4.3 Logarithmic functions  (Page 3/9)

Evaluating logarithms

Knowing the squares, cubes, and roots of numbers allows us to evaluate many logarithms mentally. For example, consider ${\log }_{2}8.$ We ask, “To what exponent must $2$ be raised in order to get 8?” Because we already know $2^3=8,$ it follows that ${\log }_{2}8=3.$

Now consider solving ${\log }_{7}49$ and ${\log }_{3}27$ mentally.

• We ask, “To what exponent must 7 be raised in order to get 49?” We know $7^2=49.$ Therefore, ${\log }_{7}49=2$
• We ask, “To what exponent must 3 be raised in order to get 27?” We know $3^3=27.$ Therefore, ${\log }_{3}27=3$

Even some seemingly more complicated logarithms can be evaluated without a calculator. For example, let’s evaluate ${\log }_{\frac{2}{3}}\frac{4}{9}$ mentally.

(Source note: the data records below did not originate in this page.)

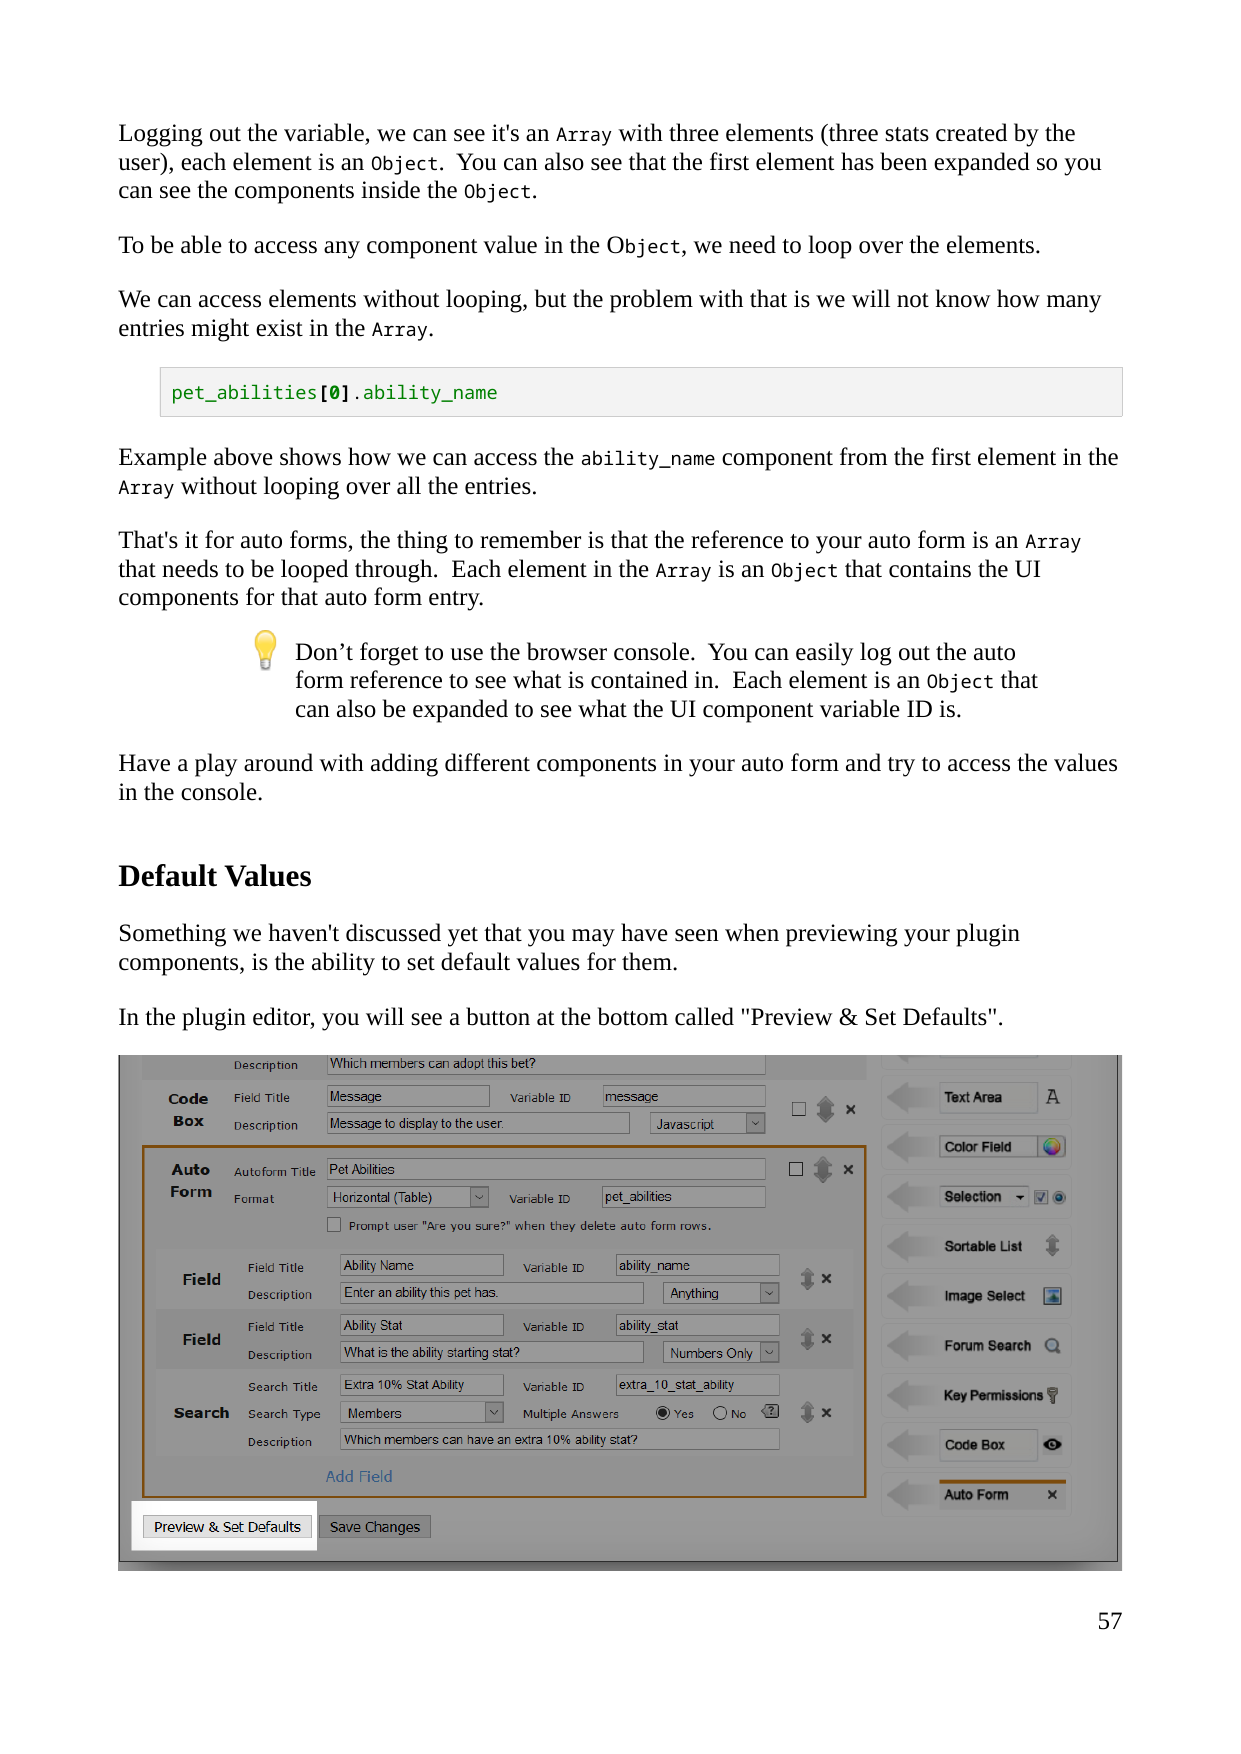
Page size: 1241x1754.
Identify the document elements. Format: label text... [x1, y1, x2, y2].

text We can access elements without looping, but the problem with that is we will not know how many entries might exist in the Array. [118, 284, 1122, 342]
text In the plugin editor, you will see a button at the bottom called "Preview & Set Defaults". [118, 1002, 1122, 1030]
table_header Don’t forget to use the browser console. You can easily log out the auto form reference to see what is contained in. Each element is an Object that can also be expanded to see what the UI component variable ID is. [295, 637, 1051, 723]
table_header [236, 637, 295, 723]
text Have a play around with adding different components in your auto form and try to access the values in the console. [118, 748, 1122, 806]
picture [248, 630, 283, 671]
text pet_abilities[0].ability_name [161, 368, 1122, 416]
picture [118, 1055, 1123, 1571]
text Default Values [118, 857, 1122, 893]
text Example above shows how we can access the ability_name component from the first element in the Array without looping over all the entries. [118, 442, 1122, 499]
text Something we haven't discussed yet that you may have seen when previewing your plugin components, is the ability to set default values for them. [118, 918, 1122, 976]
text That's it for auto forms, the thing to remember is that the reference to your auto form is an Array that needs to be looped through. Each element in the Array is an Object that contains the UI components for that auto form entry. [118, 525, 1122, 611]
text Logging out the variable, we can see it's an Array with three elements (three stats created by the user), each element is an Object. You can also see that the first element has been expanded so you can see the components inside the Object. [118, 118, 1122, 204]
text To be able to access any component value in the Object, we need to loop over the elements. [118, 230, 1122, 259]

• We ask, “To what exponent must $\frac{2}{3}$ be raised in order to get $\frac{4}{9}?$ ” We know $2^2=4$ and $3^2=9,$ so ${\left(\frac{2}{3}\right)}^2=\frac{4}{9}.$ Therefore, ${\log }_{\frac{2}{3}}\left(\frac{4}{9}\right)=2.$

Using common logarithms

Sometimes we may see a logarithm written without a base. In this case, we assume that the base is 10. In other words, the expression $\log \left(x\right)$ means ${\log }_{10}\left(x\right).$ We call a base-10 logarithm a common logarithm . Common logarithms are used to measure the Richter Scale mentioned at the beginning of the section. Scales for measuring the brightness of stars and the pH of acids and bases also use common logarithms.